How Much Have You Absorbed?

I am going to display a series of figures with protein spectra of related origins. See if you can discern some of the spectral differences from protein to protein. For easy comparison, all spectra will be scaled to the CH stretch at 2930 cm^-1.

The cuticle, whose spectrum is shown in Figure 7, was a piece of skin that I removed from next to my fingernail. It is composed of dead skin cells, and the protein composition of skin cells is keratin. The skin cells that I collected from my epidermis are also composed of keratin but with lipids as well. What are the outstanding differences between the spectra in Figure 7? I see that the fingernail has much more disulfide. I also see that the structure in the amide I region is different. And I also see that the skin has features of lipids that are on the skin. You may remember the characteristics of the lipid spectra from a previous column.

Figure 8 overlays the spectra of fingernail, a liquid egg white, a dried egg white, and the membrane inside of an egg shell. Can you see the presence of water in the liquid egg white in Figure 8? That’s easy, but can you discern the presence of the NH in the water spectrum?
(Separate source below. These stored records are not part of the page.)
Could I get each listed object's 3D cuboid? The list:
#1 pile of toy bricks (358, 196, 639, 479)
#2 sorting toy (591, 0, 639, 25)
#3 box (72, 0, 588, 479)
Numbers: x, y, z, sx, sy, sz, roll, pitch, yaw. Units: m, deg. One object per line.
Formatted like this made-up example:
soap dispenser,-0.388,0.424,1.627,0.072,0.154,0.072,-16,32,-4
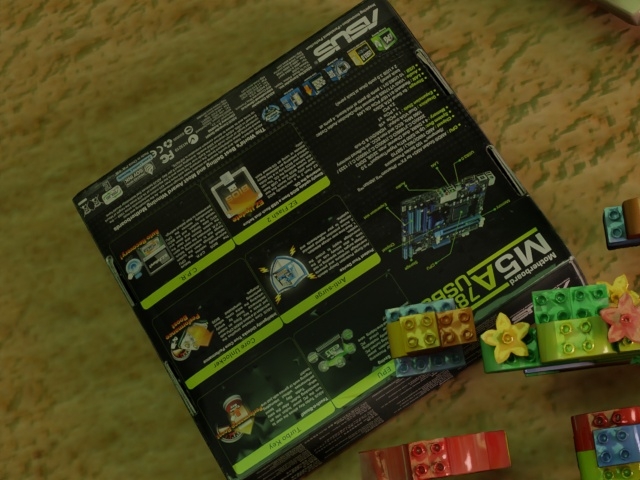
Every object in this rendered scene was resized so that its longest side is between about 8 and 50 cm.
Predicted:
pile of toy bricks,0.115,0.042,0.740,0.212,0.105,0.118,-10,82,6
sorting toy,0.154,-0.174,0.881,0.274,0.046,0.132,37,83,29
box,0.000,0.000,0.863,0.190,0.045,0.184,-34,63,2

What other differences can you see between the spectra?

Figure 9 overlays the spectra of fingernail, chicken fascia, chicken tendon, pink muscle excited at 532 nm, and pink muscle excited at 638 nm. You can see that the chicken tendon has much more detail in the fingerprint region. Can that be used to infer something about the structure of the collagen with its important mechanical properties? This is a fibrous protein that is composed of 65% collagen. On each chain, every third amino acid is a glycine, and many others are proline and hydroxyproline and they assemble into a left-handed helix. Three of these left-handed helices assemble into a right-handed helix with 30 residues per turn. There is cross-linking between chains via H-bonds and intermolecular ester linkages; with aging, the H-bonds convert to covalent cross links. All of this provides strength to the tendon. On the other hand, muscle also contains collagen, but is dominated more with actin and myosin for contractility, and troposin and tropomyosin for regulatory function. What differences do you see in these spectra that can be related to their composition?

Figure 9 also has a trick for which I did not prepare you. Why are the two spectra of the pink muscle different when excited at different wavelengths? Why is the muscle pink? Animal muscles can be pink because of the presence of myoglobin, mitochondria, or both. They contain hemes whose absorption in the visible results in resonance enhancement, especially when exciting with a green laser which overlaps with the absorption of the heme. The extra sharp bands in the spectrum excited in the green are resonance-enhanced bands of the heme (7).

Conclusion

In reviewing these spectra and the information on interpretation, I do not expect that you will be an expert. In fact, I spent much more time writing this article than I expected, because I had a general idea of what was present in the spectra, but did not understand it enough to put it in words with confidence that I would get the information correct. But if you spend some time going over this, and then need to work with Raman spectra of proteins, you will have a heads up on what you are looking at. Once you are aware of the possibilities, you can choose the tool that is most appropriate for you to get the information that you need—band-fitting, chemometrics, or 2D-COS. Good luck and have fun!

References

(1) A.T. Tu, Raman Spectroscopy in Biology: Principles and Applications (Hoboken, John Wiley, 1982).

(2) T. Kitagawa and S. Hirota, in Handbook of Vibrational Spectroscopy – Applications in Life, Pharmaceutical and Natural Sciences, vol. 5, John M. Chalmers and Peter R. Griffiths, Eds. (Wiley & Sons, Hoboken, NJ, 2002), pp. 3426–3446.

(3) R. Tuma, J. Raman Spectrosc. 36, 307–319 (2005).

(4) D. Nemecek, J. Stepanek, and G.J. Thomas, Jr., Proteins and Nucleoproteins Curr. Protocols in Protein Sci. 71(1), 17.8.1–17.8.52 (2013).

(5) George Socrates, Infrared and Raman Characteristic Group Frequencies Tables and Charts (Wiley & Sons, Hoboken, NJ, 2001).

(6) N.C. Maiti, M.M. Apetri, M.G. Zagorski, P.R. Carey, and V.E. Anderson, J. Am. Chem. Soc. 236, 2399–2408 (2004).

(7) F. Adar, M. Gouterman, and S. Aronowitz, J Phys. Chem. 80, 2184–2191 (1976).